Exercise goal – Lines before the one containing "Do the same for the ink" in the records below are to be left out; that line and all after it, through the end, are to be retyped exactly.

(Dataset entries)
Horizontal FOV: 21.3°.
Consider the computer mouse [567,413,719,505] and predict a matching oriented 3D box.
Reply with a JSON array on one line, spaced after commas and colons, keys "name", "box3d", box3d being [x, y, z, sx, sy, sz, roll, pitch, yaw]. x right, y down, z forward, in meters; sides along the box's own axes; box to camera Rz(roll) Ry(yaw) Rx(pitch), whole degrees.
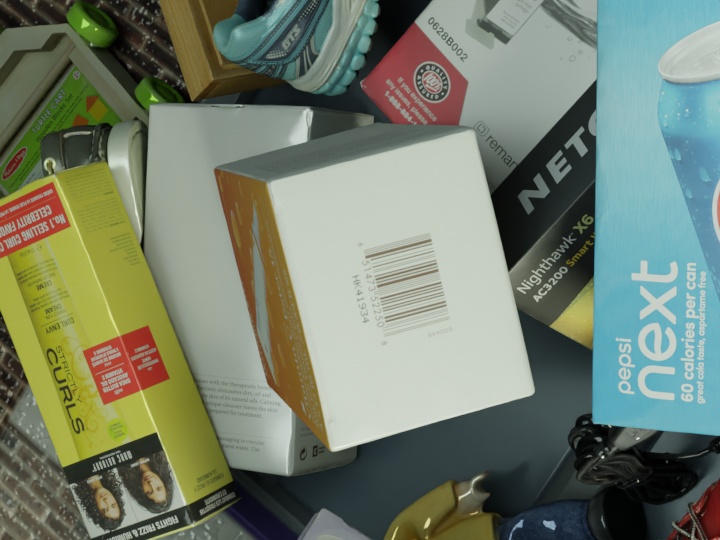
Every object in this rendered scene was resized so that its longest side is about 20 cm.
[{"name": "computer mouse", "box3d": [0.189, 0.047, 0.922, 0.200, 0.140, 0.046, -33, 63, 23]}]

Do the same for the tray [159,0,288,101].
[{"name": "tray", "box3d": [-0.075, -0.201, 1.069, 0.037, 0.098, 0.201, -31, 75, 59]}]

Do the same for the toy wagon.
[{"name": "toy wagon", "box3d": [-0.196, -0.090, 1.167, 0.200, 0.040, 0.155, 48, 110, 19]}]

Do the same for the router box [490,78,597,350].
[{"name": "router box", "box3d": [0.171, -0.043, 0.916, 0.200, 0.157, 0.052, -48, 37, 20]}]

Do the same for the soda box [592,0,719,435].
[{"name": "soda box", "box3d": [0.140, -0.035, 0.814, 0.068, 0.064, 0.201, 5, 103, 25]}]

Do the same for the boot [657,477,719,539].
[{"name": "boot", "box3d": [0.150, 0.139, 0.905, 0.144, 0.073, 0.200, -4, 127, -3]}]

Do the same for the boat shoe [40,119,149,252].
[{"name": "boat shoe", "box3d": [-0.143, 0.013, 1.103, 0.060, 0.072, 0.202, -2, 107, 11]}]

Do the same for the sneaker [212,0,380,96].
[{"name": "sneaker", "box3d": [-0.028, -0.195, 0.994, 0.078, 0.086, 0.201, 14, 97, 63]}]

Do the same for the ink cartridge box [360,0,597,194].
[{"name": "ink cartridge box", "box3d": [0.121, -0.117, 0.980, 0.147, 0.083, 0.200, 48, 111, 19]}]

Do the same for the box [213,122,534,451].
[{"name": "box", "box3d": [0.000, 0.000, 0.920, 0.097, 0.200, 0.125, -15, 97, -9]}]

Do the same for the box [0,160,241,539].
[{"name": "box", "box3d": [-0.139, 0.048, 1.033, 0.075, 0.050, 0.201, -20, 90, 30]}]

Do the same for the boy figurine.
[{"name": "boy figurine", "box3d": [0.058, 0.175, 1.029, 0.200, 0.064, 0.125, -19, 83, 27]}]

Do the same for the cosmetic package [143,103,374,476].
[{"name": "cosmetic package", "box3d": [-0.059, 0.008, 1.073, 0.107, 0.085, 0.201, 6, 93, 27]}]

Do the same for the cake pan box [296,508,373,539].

Result for this exercise –
Do the same for the ink cartridge box [360,0,597,194].
[{"name": "ink cartridge box", "box3d": [0.121, -0.117, 0.980, 0.147, 0.083, 0.200, 48, 111, 19]}]

Do the same for the box [213,122,534,451].
[{"name": "box", "box3d": [0.000, 0.000, 0.920, 0.097, 0.200, 0.125, -15, 97, -9]}]

Do the same for the box [0,160,241,539].
[{"name": "box", "box3d": [-0.139, 0.048, 1.033, 0.075, 0.050, 0.201, -20, 90, 30]}]

Do the same for the boy figurine.
[{"name": "boy figurine", "box3d": [0.058, 0.175, 1.029, 0.200, 0.064, 0.125, -19, 83, 27]}]

Do the same for the cosmetic package [143,103,374,476].
[{"name": "cosmetic package", "box3d": [-0.059, 0.008, 1.073, 0.107, 0.085, 0.201, 6, 93, 27]}]

Do the same for the cake pan box [296,508,373,539].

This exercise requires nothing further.